Defining the SLO in a contract
A freshness SLO lives inside a data contract (chapter 31), expressed as a structured block the producer commits to and the consumer can rely on. The shape that has stabilised across teams looks like this:
# data_contracts/payments_settled.yaml
dataset: warehouse.fact.payments_settled
owner: payments-platform-team
governance: tier-1-financial # tier-1 = blocks reconciliation; tier-2 = analytics; tier-3 = exploration
freshness:
measurement: "MAX(event_time)" # the column to compute lag from
evaluation_clock: wall_clock_ist # which clock to subtract against
slo:
p50: 5m # 50% of measurements lag <= 5 min
p95: 15m # 95% of measurements lag <= 15 min
p99: 30m # 99% of measurements lag <= 30 min
max: 60m # never more than 60 min, ever
business_hours: "Mon-Fri 06:00-23:00 IST" # SLO only applies in this window
measurement_interval: 60s # how often the monitor takes a sample
alerting:
p95_breach_window: 30m # alert if p95 has been violated for 30 min
max_breach: immediate # alert the moment max is exceeded
page_oncall_when: tier-1 # only tier-1 datasets page; tier-2 ticket; tier-3 email
error_budget:
monthly_minutes_unfresh: 43.2 # 99.9% freshness target = 43.2 min/month allowed unfresh
The shape repays a careful read. measurement is the SQL expression the monitor runs to compute "how fresh is the data" — usually MAX(event_time), sometimes MAX(GREATEST(event_time, updated_at)) for tables that allow late updates. evaluation_clock specifies which wall clock to subtract against — IST for a domestic-only dataset, UTC for a global one, and the choice matters because mixing clocks across timezone boundaries is how teams miss DST and start their year four hours behind. slo is the per-percentile promise; business_hours scopes it (the freshness SLO for an analytics dataset rarely makes sense at 3 a.m. when nobody is querying, and applying it 24×7 wastes the error budget on hours nobody cares about). error_budget is the SRE-style quota: how many minutes the dataset is allowed to spend unfresh in a month before the team has to stop shipping new features and fix the freshness regression. Why the error-budget framing matters: without it, every freshness incident becomes a fire drill of equal weight, and the team works through them in the order they happen rather than the order that depletes the budget fastest. With an error budget, a 90-minute breach in week one of the month is a panic; an identical 90-minute breach with the budget already exhausted in week three triggers the freeze that gets the team off the feature treadmill and onto the reliability work.
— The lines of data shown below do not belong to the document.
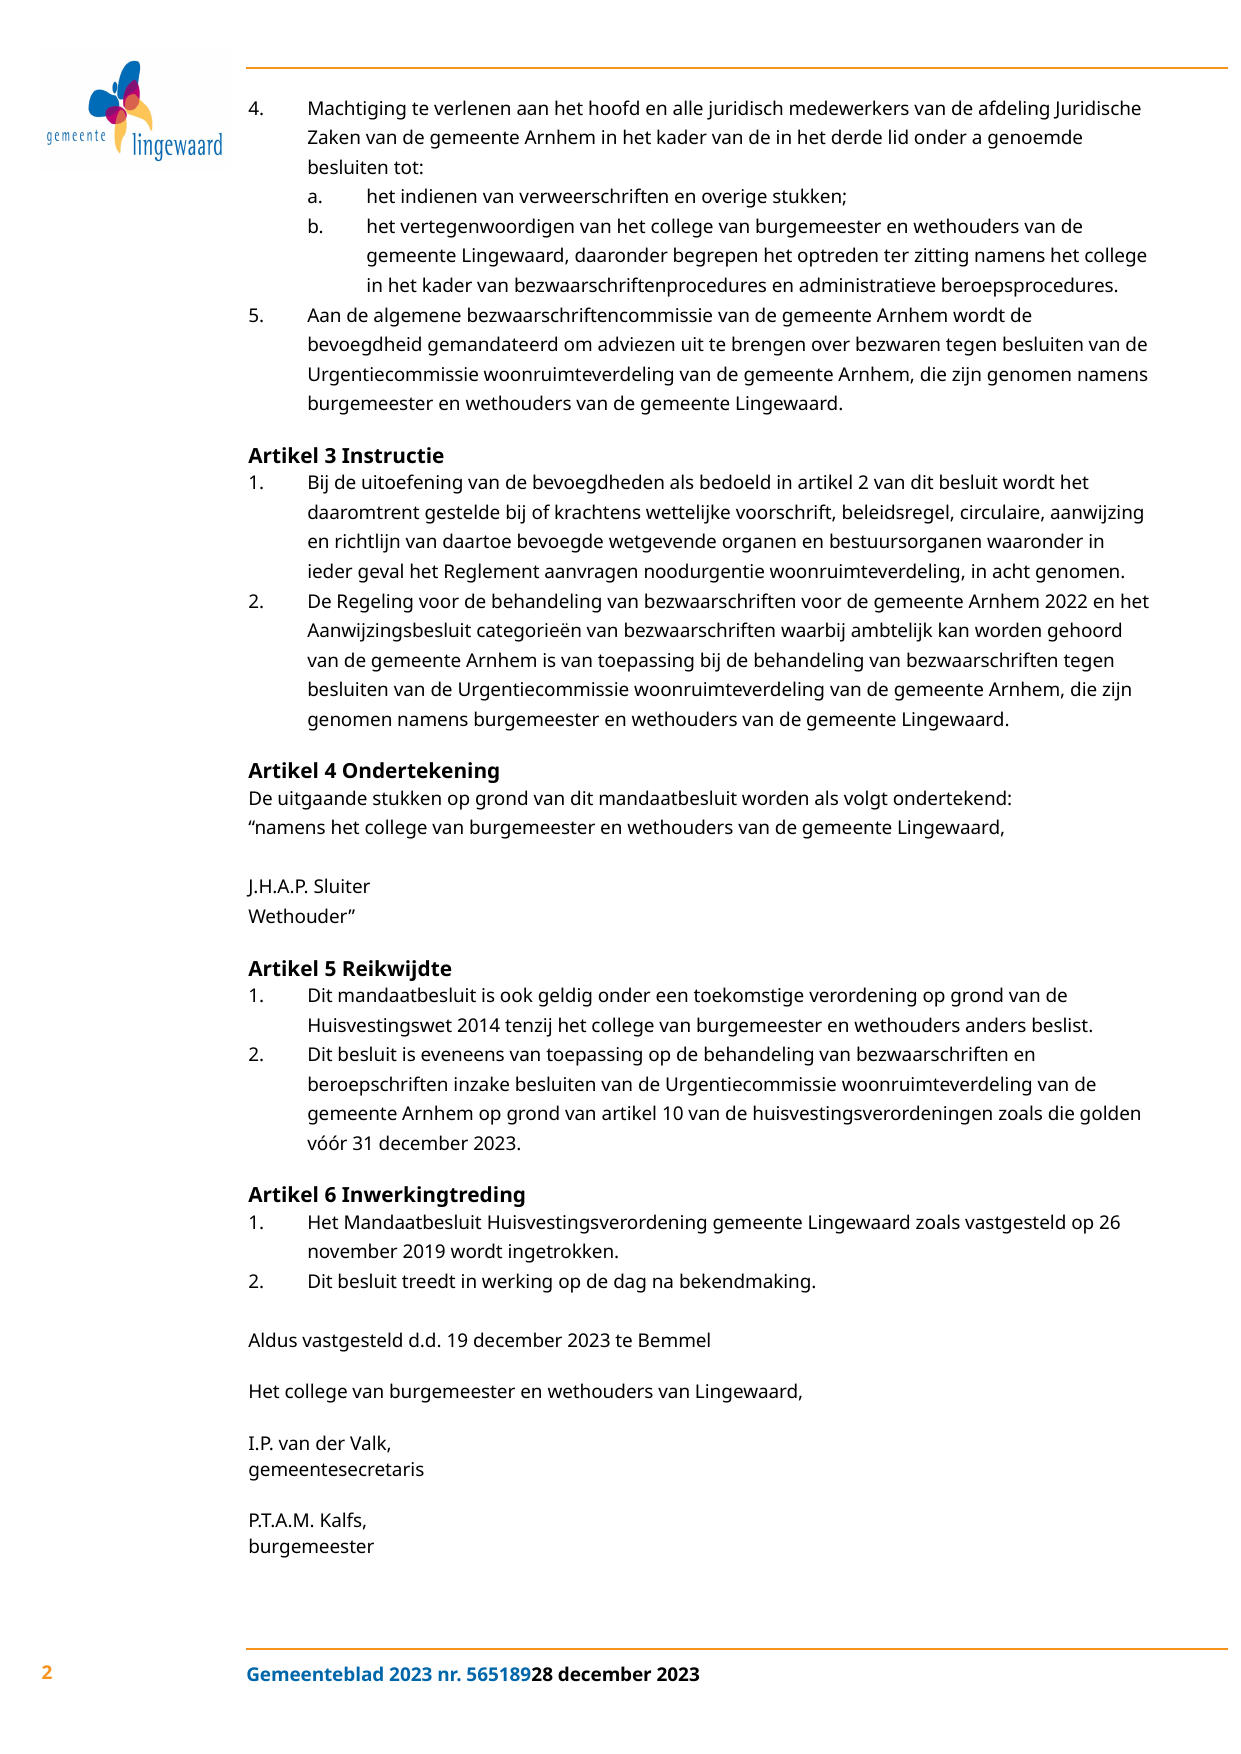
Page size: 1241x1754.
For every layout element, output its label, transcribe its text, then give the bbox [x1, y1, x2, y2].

picture [41, 47, 231, 172]
text P.T.A.M. Kalfs, [248, 1507, 1152, 1533]
text I.P. van der Valk, [248, 1430, 1152, 1456]
list Het Mandaatbesluit Huisvestingsverordening gemeente Lingewaard zoals vastgesteld op 26 november 2019 wordt ingetrokken. [248, 1209, 1152, 1264]
text Artikel 4 Ondertekening [248, 757, 1152, 785]
list het indienen van verweerschriften en overige stukken; [307, 183, 1152, 209]
list De Regeling voor de behandeling van bezwaarschriften voor de gemeente Arnhem 2022 en het Aanwijzingsbesluit categorieën van bezwaarschriften waarbij ambtelijk kan worden gehoord van de gemeente Arnhem is van toepassing bij de behandeling van bezwaarschriften tegen besluiten van de Urgentiecommissie woonruimteverdeling van de gemeente Arnhem, die zijn genomen namens burgemeester en wethouders van de gemeente Lingewaard. [248, 588, 1152, 732]
text Wethouder” [248, 903, 1152, 929]
list Dit besluit is eveneens van toepassing op de behandeling van bezwaarschriften en beroepschriften inzake besluiten van de Urgentiecommissie woonruimteverdeling van de gemeente Arnhem op grond van artikel 10 van de huisvestingsverordeningen zoals die golden vóór 31 december 2023. [248, 1041, 1152, 1156]
text De uitgaande stukken op grond van dit mandaatbesluit worden als volgt ondertekend: [248, 785, 1152, 811]
text burgemeester [248, 1533, 1152, 1559]
list Bij de uitoefening van de bevoegdheden als bedoeld in artikel 2 van dit besluit wordt het daaromtrent gestelde bij of krachtens wettelijke voorschrift, beleidsregel, circulaire, aanwijzing en richtlijn van daartoe bevoegde wetgevende organen en bestuursorganen waaronder in ieder geval het Reglement aanvragen noodurgentie woonruimteverdeling, in acht genomen. [248, 469, 1152, 584]
list Machtiging te verlenen aan het hoofd en alle juridisch medewerkers van de afdeling Juridische Zaken van de gemeente Arnhem in het kader van de in het derde lid onder a genoemde besluiten tot: [248, 95, 1152, 180]
text Aldus vastgesteld d.d. 19 december 2023 te Bemmel [248, 1327, 1152, 1353]
list het vertegenwoordigen van het college van burgemeester en wethouders van de gemeente Lingewaard, daaronder begrepen het optreden ter zitting namens het college in het kader van bezwaarschriftenprocedures en administratieve beroepsprocedures. [307, 213, 1152, 298]
text gemeentesecretaris [248, 1456, 1152, 1482]
text Het college van burgemeester en wethouders van Lingewaard, [248, 1379, 1152, 1404]
text Artikel 6 Inwerkingtreding [248, 1181, 1152, 1209]
text Artikel 5 Reikwijdte [248, 954, 1152, 982]
list Dit mandaatbesluit is ook geldig onder een toekomstige verordening op grond van de Huisvestingswet 2014 tenzij het college van burgemeester en wethouders anders beslist. [248, 982, 1152, 1037]
text “namens het college van burgemeester en wethouders van de gemeente Lingewaard, [248, 814, 1152, 840]
text Artikel 3 Instructie [248, 441, 1152, 469]
list Dit besluit treedt in werking op de dag na bekendmaking. [248, 1268, 1152, 1294]
list Aan de algemene bezwaarschriftencommissie van de gemeente Arnhem wordt de bevoegdheid gemandateerd om adviezen uit te brengen over bezwaren tegen besluiten van de Urgentiecommissie woonruimteverdeling van de gemeente Arnhem, die zijn genomen namens burgemeester en wethouders van de gemeente Lingewaard. [248, 302, 1152, 416]
text J.H.A.P. Sluiter [248, 874, 1152, 899]

The tier field decides escalation. Tier-1 datasets (regulatory reconciliation, fraud scoring, risk pricing) page the on-call engineer at 2 a.m. when they go stale because the cost of waiting is higher than the cost of waking somebody up. Tier-2 (executive dashboards, weekly KPI tracking) opens a ticket that is triaged in business hours. Tier-3 (data exploration, ad-hoc analytics) sends an email summary at 9 a.m. weekdays. Mixing the tiers — paging on every dataset — is how teams burn out on-call rotations in three months; under-tiering everything is how the next reconciliation incident becomes a regulatory filing. The discipline is to pick the tier deliberately and review it quarterly.
The contract's freshness block is enforced in two places: the monitor that takes a sample every measurement_interval and records the lag, and the deploy gate that refuses to merge a producer change which would predictably violate the SLO (e.g. switching from real-time CDC to a 4-hour batch refresh on a dataset with a 30-minute p95 SLO). The first piece catches operational regressions; the second catches architectural ones. Most teams ship the monitor first because it is easier; the deploy gate is what stops the slow drift where every quarter the SLO becomes one notch slacker because nobody negotiated the tradeoff explicitly.
Building a freshness monitor
The monitor is a small piece of code with an outsized importance — it is the thing that turns "I think the pipeline is healthy" into a number on a graph. The version below is small enough to read in one go and realistic enough to ship to staging.
# freshness_monitor.py — sample lag for tier-1 datasets and emit a metric.
# Run as a cronjob every 60 seconds; emits to Prometheus pushgateway.
import os, time, datetime, yaml, psycopg2
from prometheus_client import CollectorRegistry, Gauge, push_to_gateway
CONTRACTS_DIR = "/etc/data-contracts"
PG_DSN = os.environ["WAREHOUSE_DSN"]
PUSHGATEWAY = os.environ["PUSHGATEWAY_URL"]
def measure_freshness(conn, contract):
"""Run the contract's measurement query and return lag in seconds."""
sql = f"SELECT {contract['freshness']['measurement']} FROM {contract['dataset']}"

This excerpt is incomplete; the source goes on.